LOCATION | ADDRESS_ID | count | total |
---|---|---|---|
600 BLK KENILWORTH AVE NE S/B | 813891 | 28642 | 3434500 |
DC295 SW .7 MILES S/O EXIT 1 S/B | 810381 | 13590 | 1602200 |
2200 BLK K ST NW W/B | 805065 | 13266 | 1561800 |
1400 BLK S CAPITOL ST SE S/B | 277954 | 10338 | 1143500 |
2200 BLOCK K ST NW E/B | 805065 | 9464 | 1118000 |
1400 BLK S CAPITOL ST SE N/B | 277954 | 7020 | 785300 |
2200 BLK SOUTH DAKOTA AVE NE SE/B | 286707 | 6682 | 732400 |
600 BLK NEW YORK AVENUE NE W/B | 288753 | 6562 | 745800 |
3RD ST TUNNEL NW N/B BY MA AVE | 814983 | 4054 | 452400 |
4600 BLK MASSACHUSETTS AVE NW NW/B | 301549 | 3580 | 374600 |
Simply grouping byLOCATION
doesn’t give us the whole picture. The bold rows show that ADDRESS_ID
could also be called intersection. Lets group by ADDRESS_ID
and see how the ranking looks.
addresses | count | total |
---|---|---|
600 BLK KENILWORTH AVE NE S/B | 28642 | 3434500 |
2200 BLK K ST NW W/B, 2200 BLOCK K ST NW E/B | 22730 | 2679800 |
1400 BLK S CAPITOL ST SE N/B, 1400 BLK S CAPITOL ST SE S/B | 17358 | 1928800 |
DC295 SW .7 MILES S/O EXIT 1 S/B | 13590 | 1602200 |
600 BLK NEW YORK AVE NE E/B, 600 BLK NEW YORK AVENUE NE W/B | 9484 | 1073600 |
2200 BLK SOUTH DAKOTA AVE NE SE/B | 6682 | 732400 |
3RD ST TUNNEL NW N/B BY MA AVE | 4054 | 452400 |
4600 BLK MASSACHUSETTS AVE NW NW/B | 3580 | 374600 |
DC295 NE .1MILE S/O EASTERN AVE N/B, DC295 NE .1MILE S/O EASTERN AVE S/B | 3116 | 349900 |
3RD ST TUNNEL NW S/B BY 3RD ST | 3008 | 348500 |
The camera at the southbound 600 block of Kenilworth Ave NE is located right off 295 where the limit drops from 55 to 25, and issued the most tickets and total fines. The combined east and west bound cameras at the 2200 block of K St NW accounted for the second most. The K street cameras are cleverly placed in an uphill section of a 25MPH zone on either end of an underpass.

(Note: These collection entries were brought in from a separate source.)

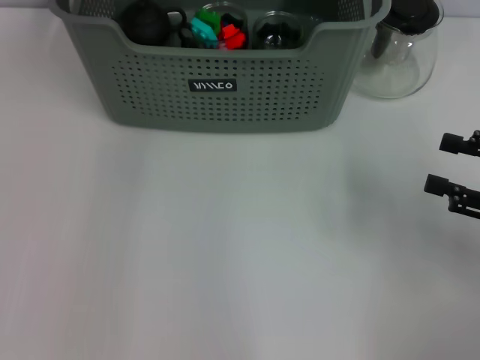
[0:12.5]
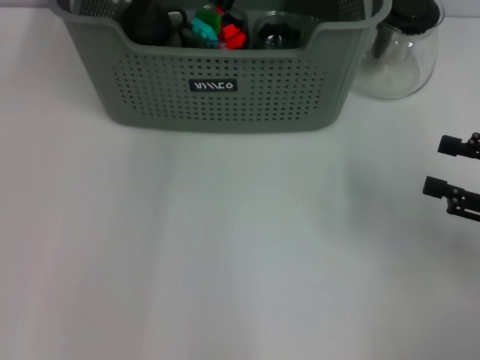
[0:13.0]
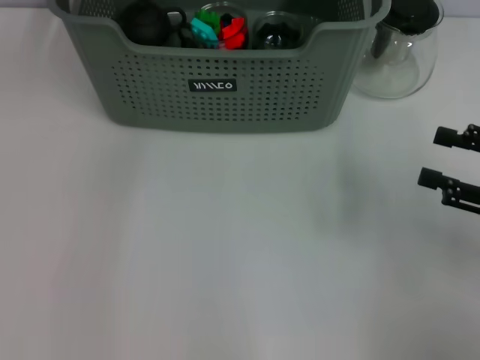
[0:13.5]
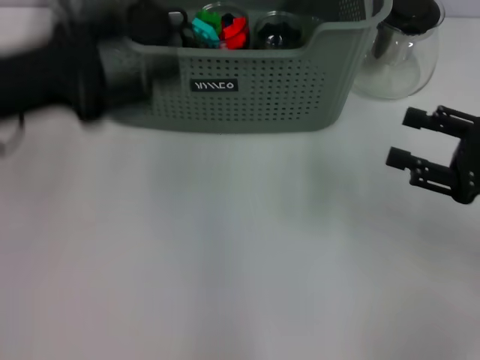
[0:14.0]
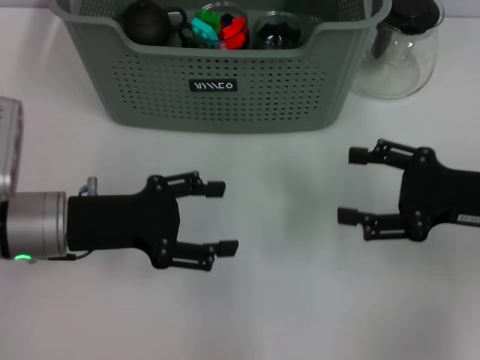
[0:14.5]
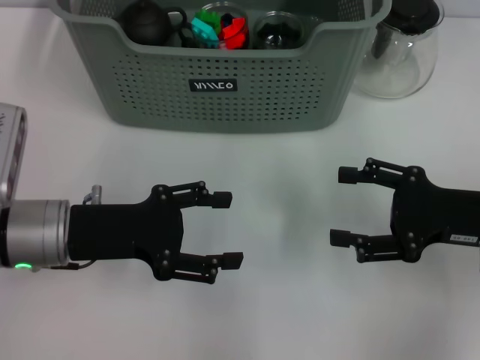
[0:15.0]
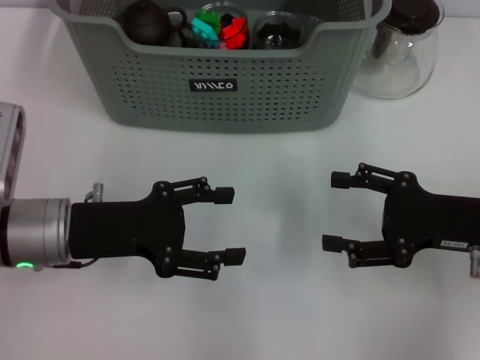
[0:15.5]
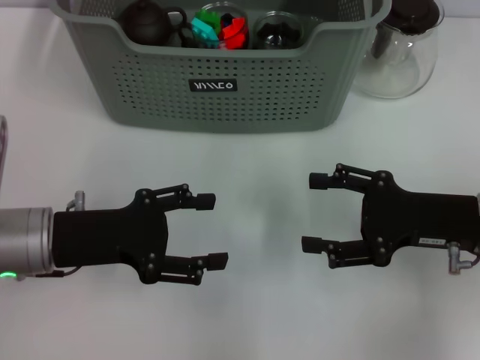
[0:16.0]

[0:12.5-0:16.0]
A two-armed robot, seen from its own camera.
Task of the whole recording: pick up the teacup on the table and place it into the storage bin, pick up the block on the table and place it into the storage bin.
0:12.5 to 0:14.5: The right gripper moves to the left, about 5 cm; the left gripper shifts approximately 30 cm backward, downward and to the left, and opens up.
0:14.5 to 0:16.0: The grippers make only small movements.

Conclusion and Future Directions
We’ve identified the most lucrative camera for the District - 600 Kenilworth Ave NE, which issued 28642 photo tickets worth almost $3.5M in January 2017. R made it fairly easy to perform this analysis but we’ve just scratched the surface of whats possible. There are still several interesting directions with these data. For example: look at non-photo moving violations, or weekday vs weekend activity, or do some cameras issue a particular type of ticket -red light vs speeding? Or you could combine the photo ticket data with accident data to find similar intersections with dissimilar accidents or ticket incidents. If you find anything interesting here, or have other questions about hacking on municipal data with R, I’d love to hear about it. Thanks for reading.